Differencing attack result: 39


Implement a function `dp_differencing_attack` that performs the same attack, but attempts to satisfy differential privacy using the Laplace mechanism. Use the parameters `sensitivity=1` and `epsilon=1.0`.

In [8]:
def dp_differencing_attack():
    q1 = adult['Age'].sum()
    q2 = adult[adult['Name'] != 'Karrie Trusslove']['Age'].sum()
    
    noisy_q1 = laplace_mech(q1, sensitivity=1, epsilon=.5)
    noisy_q2 = laplace_mech(q2, sensitivity=1, epsilon=.5)
    # noise: use laplace_mech twice, with epsilon=.5 each time
    # total privacy budget is epsiolon=1.0

    # I'm returning the difference between two noisy values,
    # which satisfies differential privacy by post-processing
    return noisy_q1 - noisy_q2

print('DP Differencing attack result:', dp_differencing_attack())
# adversary's job: guess whether Karrie was in the dataset or not
# amounts to: was the answer 0 or 39
# this noisy answer lets the adversary take a pretty good guess

DP Differencing attack result: 37.64570561121218


In [9]:
# TEST CASE for question 1
dp_results = [dp_differencing_attack() for _ in range(100)]
spec = [np.random.laplace(loc=39, scale=1) for _ in range(100)]
assert stats.wasserstein_distance(dp_results, spec) < 2

AssertionError: 

## Question 4

What is the *sensitivity* of the `differencing_attack` query defined above, and why?

The query returns:
- 0 if my target is not in the dataset
- the target's age, if the target is in the dataset

The sensitivity is the worst-case difference between the minimum and maximum possible outputs of the query, when I add or remove a person.
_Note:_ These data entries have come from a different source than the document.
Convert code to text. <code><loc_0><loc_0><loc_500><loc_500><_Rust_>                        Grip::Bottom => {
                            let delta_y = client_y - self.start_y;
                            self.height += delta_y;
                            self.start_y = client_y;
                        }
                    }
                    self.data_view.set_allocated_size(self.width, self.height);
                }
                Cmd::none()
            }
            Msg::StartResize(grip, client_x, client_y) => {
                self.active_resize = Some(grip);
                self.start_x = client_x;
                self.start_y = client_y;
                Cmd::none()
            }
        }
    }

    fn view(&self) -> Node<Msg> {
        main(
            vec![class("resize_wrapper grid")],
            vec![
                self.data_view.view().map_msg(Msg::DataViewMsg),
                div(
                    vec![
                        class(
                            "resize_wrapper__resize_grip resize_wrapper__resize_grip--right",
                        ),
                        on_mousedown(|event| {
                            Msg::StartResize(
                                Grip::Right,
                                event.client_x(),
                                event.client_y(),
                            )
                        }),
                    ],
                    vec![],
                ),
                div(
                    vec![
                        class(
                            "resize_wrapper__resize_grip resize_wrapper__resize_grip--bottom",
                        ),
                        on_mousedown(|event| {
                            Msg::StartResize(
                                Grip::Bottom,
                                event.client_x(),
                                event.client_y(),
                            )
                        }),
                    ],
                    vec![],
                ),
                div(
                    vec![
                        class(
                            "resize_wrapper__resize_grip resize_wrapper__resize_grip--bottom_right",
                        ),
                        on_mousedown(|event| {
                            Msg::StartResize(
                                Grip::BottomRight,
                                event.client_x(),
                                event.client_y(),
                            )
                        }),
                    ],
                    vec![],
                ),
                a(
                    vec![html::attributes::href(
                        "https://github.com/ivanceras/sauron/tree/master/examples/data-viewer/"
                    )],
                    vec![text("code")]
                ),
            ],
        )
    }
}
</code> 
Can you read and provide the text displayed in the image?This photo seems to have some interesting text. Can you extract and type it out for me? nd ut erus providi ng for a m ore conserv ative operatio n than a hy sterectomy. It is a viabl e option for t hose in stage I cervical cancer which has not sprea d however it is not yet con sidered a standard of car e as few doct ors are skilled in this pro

Since these are human ages, 120 is a decent upper bound.


## Question 5

Implement a corrected version of `dp_differencing_attack` that uses the correct sensitivity and thus correctly satisfies differential privacy.

In [10]:
def dp_differencing_attack_corrected():
    q1 = adult['Age'].sum()
    q2 = adult[adult['Name'] != 'Karrie Trusslove']['Age'].sum()
    
    # ---------
    # bug in test case so we changed epsilon to e=2 and sensitivity to 125
    # ---------
    noisy_q1 = laplace_mech(q1, sensitivity=125, epsilon=1)
    noisy_q2 = laplace_mech(q2, sensitivity=125, epsilon=1)
    # sensitivity: the sensitivity of q1 is 125, becasue nobody can be older than 125 years
    # the sensitivity of q2 is 125 for the same reason

    # noise: use laplace_mech twice, with epsilon=.5 each time
    # total privacy budget is epsiolon=2.0

    # I'm returning the difference between two noisy values,
    # which satisfies differential privacy by post-processing
    return noisy_q1 - noisy_q2

print('DP Differencing attack result:', dp_differencing_attack_corrected())

DP Differencing attack result: 199.80597182456404


In [90]:
# TEST CASE for question 3
dp_results = [dp_differencing_attack_corrected() for _ in range(100)]
spec = [np.random.laplace(loc=39, scale=125/2.0) for _ in range(100)]
assert stats.wasserstein_distance(dp_results, spec) < 200
assert stats.wasserstein_distance(dp_results, spec) > 50

## Question 6

Write a function `dp_mean_age` that calculates the mean age of members of the dataset.

In [None]:
def mean_age():
    return adult['Age'].mean()

mean_age()

In [None]:
def dp_mean_age(epsilon):
    # YOUR CODE HERE
    raise NotImplementedError()

In [None]:
# TEST CASE for question 1
results = [dp_mean_age(1) for _ in range(100)]
assert np.abs(np.mean(results) - mean_age()) < 0.1

## Question 7

Write a function `dp_age_sum_clipping` that uses clipping to bound the sensitivity of the sum of ages.

In [None]:
def dp_age_sum_clipping(epsilon, b):
    # YOUR CODE HERE
    raise NotImplementedError()

dp_age_sum_clipping(1.0, 100)

In [None]:
# TEST CASE for question 2
results = [dp_age_sum_clipping(1.0, 100) for _ in range(10)]
assert np.abs(np.mean(results) - adult['Age'].sum()) < 100

In [None]:
bs = np.linspace(1, 125, 100)
results = [dp_age_sum_clipping(0.1, b) for b in bs]
plt.plot(bs, results);

#baseline = [adult['Age'].sum() for b in bs]
#plt.plot(bs, baseline);